Supplied data:
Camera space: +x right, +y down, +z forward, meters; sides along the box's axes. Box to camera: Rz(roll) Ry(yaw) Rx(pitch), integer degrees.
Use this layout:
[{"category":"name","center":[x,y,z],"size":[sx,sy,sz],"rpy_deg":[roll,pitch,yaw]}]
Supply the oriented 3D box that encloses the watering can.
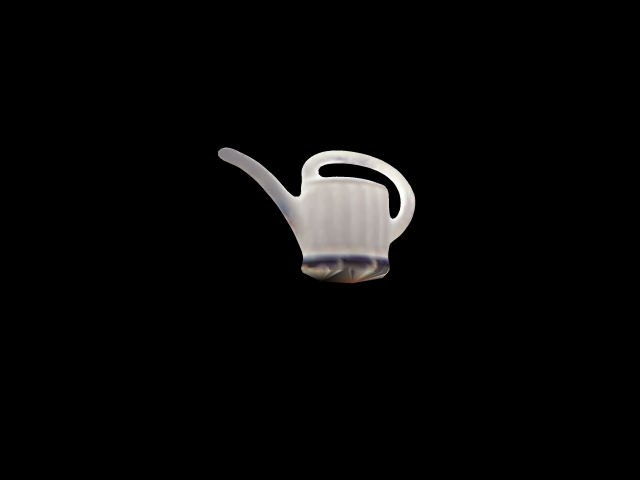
[{"category":"watering can","center":[0.003,-0.043,0.850],"size":[0.348,0.226,0.103],"rpy_deg":[3,-12,-19]}]
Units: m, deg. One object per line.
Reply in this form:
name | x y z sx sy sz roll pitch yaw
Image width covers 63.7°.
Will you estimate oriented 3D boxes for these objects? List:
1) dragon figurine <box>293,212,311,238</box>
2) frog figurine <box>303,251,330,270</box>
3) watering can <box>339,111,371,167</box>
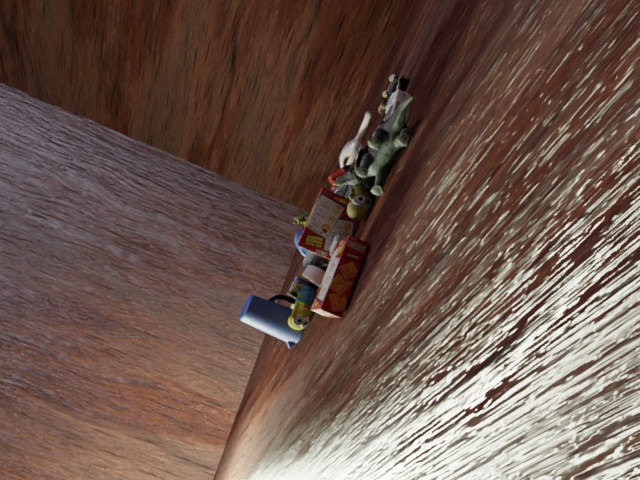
dragon figurine | 0.008 -0.126 2.505 0.407 0.121 0.248 -15 25 42
frog figurine | 0.000 0.052 1.961 0.134 0.123 0.163 86 -172 -55
watering can | 0.163 -0.429 2.398 0.226 0.104 0.345 -93 25 -80

Exercise details:
When a line in the material above holds the word "name", count it; report only the total.

Solution:
2